Prosegue il testo: “B-Side Pride si batte in primo luogo per la libertà di movimento e perché siano garantite a tutt*, indipendentemente dal colore della pelle e dalla nazionalità, e dallo status o meno di ‘vittima’, non solo le libertà civili e politiche ma anche le condizioni materiali per esercitarle, cioè reddito, sicurezza dalla violenza privata o istituzionale e accesso allo spazio pubblico e alle relazioni sociali. Per questo ci battiamo per un permesso di soggiorno europeo sganciato dal lavoro, per lo ius culturae, per la diffusione di una cultura davvero antirazzista e aperta. La nostra posizione sul sistema attuale non può che essere di rifiuto, ma finchè questo sistema sarà in piedi chiediamo almeno: l’immediato reperimento di strutture abitative adeguate in cui richiedenti asilo e rifugiati possano tutelarsi dal rischio di contagio da Covid come qualsiasi famiglia media italiana; l’abolizione dei Decreti Sicurezza di Salvini e Minniti; l’abolizione del Decreto sui cd. ‘Paesi Sicuri’; l’abolizione degli accordi con la Libia; che ai residenti delle strutture d’accoglienza, sia lgbit che non, siano garantiti, oltre ad alloggio, cibo e cure mediche, anche autonomia e autodeterminazione: questo significa una corretta e completa informazione circa i propri diritti, assistenza legale di qualità, servizi dimediazione linguistica professionali, un’organizzazione dei tempi e degli spazi rispettosa della loro libertà e autonomia e dei bisogni della loro vita relazionale e affettiva; l’apertura di un congruo numero di strutture esclusivamente per rifugiati gay, lesbiche, trans; che i richiedenti asilo gay e lesbiche abbiamo ad assisterli durante l’audizione della Commissione mediatori linguistico-culturali gay e lesbiche, rimuovendo dalla legislazione qualsiasi ridicola obiezione rispetto alla presunta non imparzialità di un mediatore gay che si occupa di un richiedente gay (come se un mediatore potenzialmente omofobo invece la garantisse!); che i mediatori e le mediatrici linguistiche e culturali abbiano contratti di lavoro e retribuzione decenti, in modo da poter svolgere il loro lavoro in maniera davvero professionale sia nelle Commissioni che nelle strutture sanitarie e negli uffici pubblici di tutto il paese: lo stesso per i lavoratori e le lavoratrici delle strutture di accoglienza”.
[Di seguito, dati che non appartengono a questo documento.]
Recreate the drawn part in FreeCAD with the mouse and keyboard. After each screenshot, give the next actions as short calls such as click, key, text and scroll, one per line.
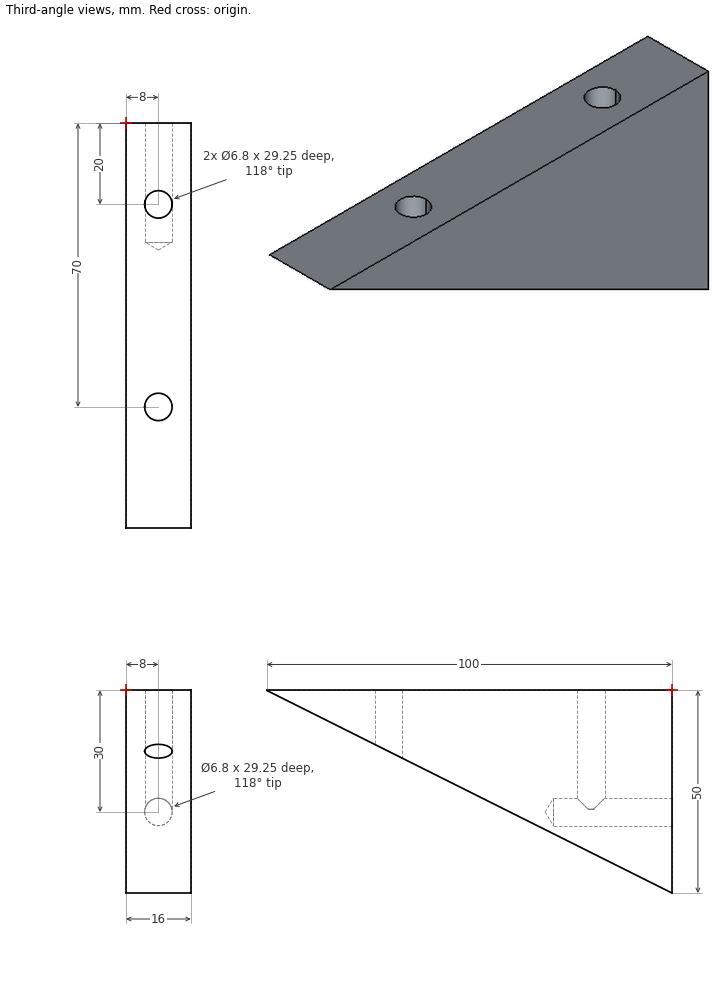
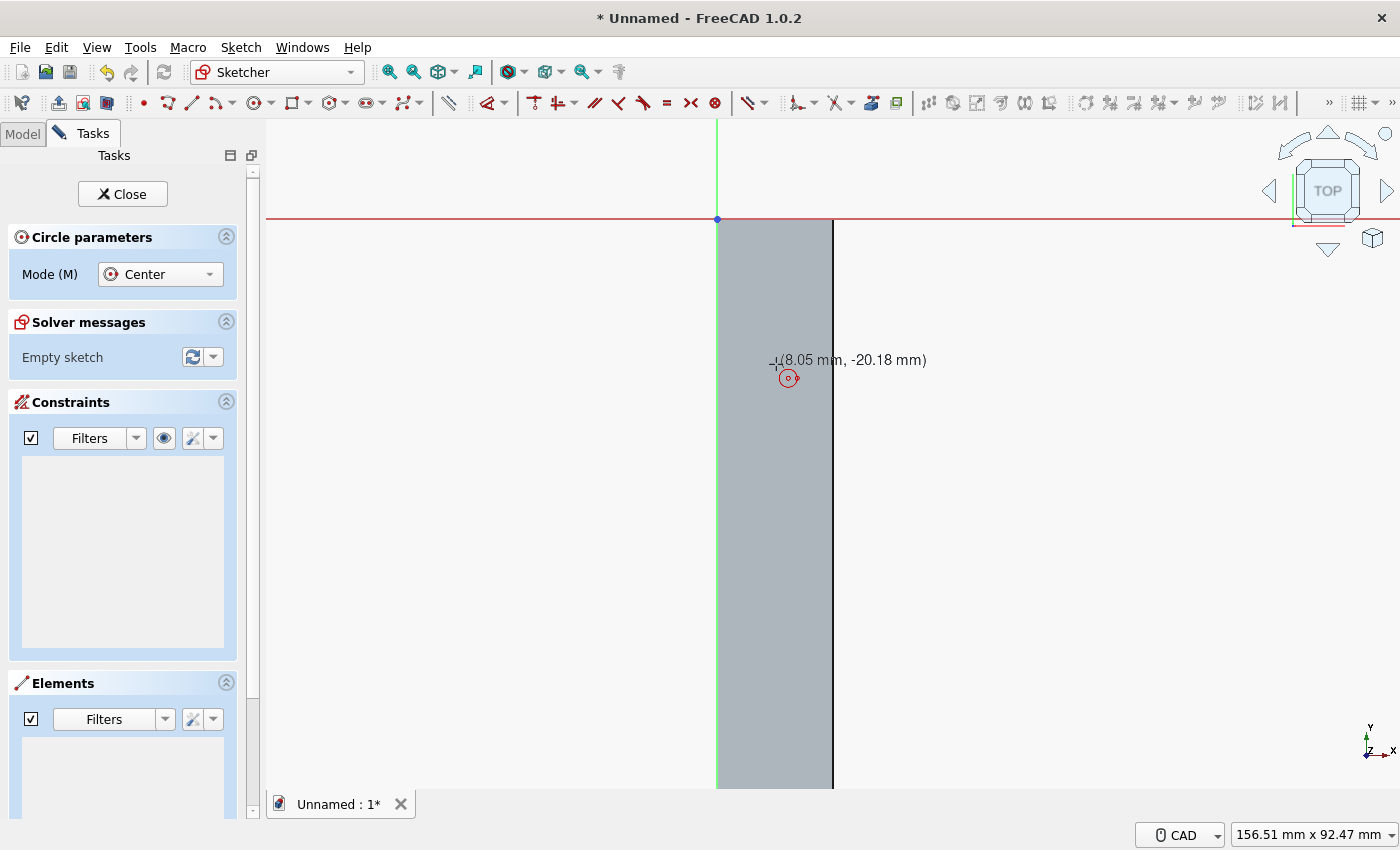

Conclude B-Side Pride: “La memoria del colonialismo italiano, in gran parte rimossa dagli italiani, è dolorosamente presente nella vita di è nato in Libia, Etiopia, Eritrea. E’ necessario diffondere conoscenza e riflessione su questi temi nella cultura e nel dibattito pubblico di lingua italiana. Gli attivisti/e lgbit nativi/e italiani/e devono fare un grande sforzo per entrare in relazione con i compagni e le compagne che provengono da altri paesi, e con gli italiani e le italiane di prima generazione. Bisogna impegnarsi con umiltà per lasciare da parte atteggiamenti paternalistici, per diventare consapevoli di come le disuguaglianze socio-economiche impattano anche sul desiderio e sulle relazioni sessuali, sentimentali, di amicizia o anche di semplice convivialità, e uscire dall’abitudine di una socialità monoculturale e monolinguistica. Anche nei paesi in cui l’omosessualità è reato, in cui il livello di violenza di genere è ancora più altro che qui, ovviamente esistono comunità froce che si organizzano, che si divertono come possono, che si sostengono a vicenda, che producono immaginario e cultura. Inoltre, in tutte le culture popolari e cosidette tradizionali, in Italia come altrove, esistono potenzialità queer (pensate alla Madonna di Montevergine..!). B-Side Pride crede nella libertà per ciascun@ di coltivare le proprie tradizioni, la propria religione, la propria cultura di origine, o di abbandonarle o di cambiarle senza essere considerat@ per questo più o meno figo, più o meno gay, più o meno credibile o meritevole di protezione. Per questo B-Side Pride ha organizzato assemblee e incontri plurilingue e si propone di organizzare sempre di più eventi politici e di socialità che siano linguisticamente ed economicamente accessibili”.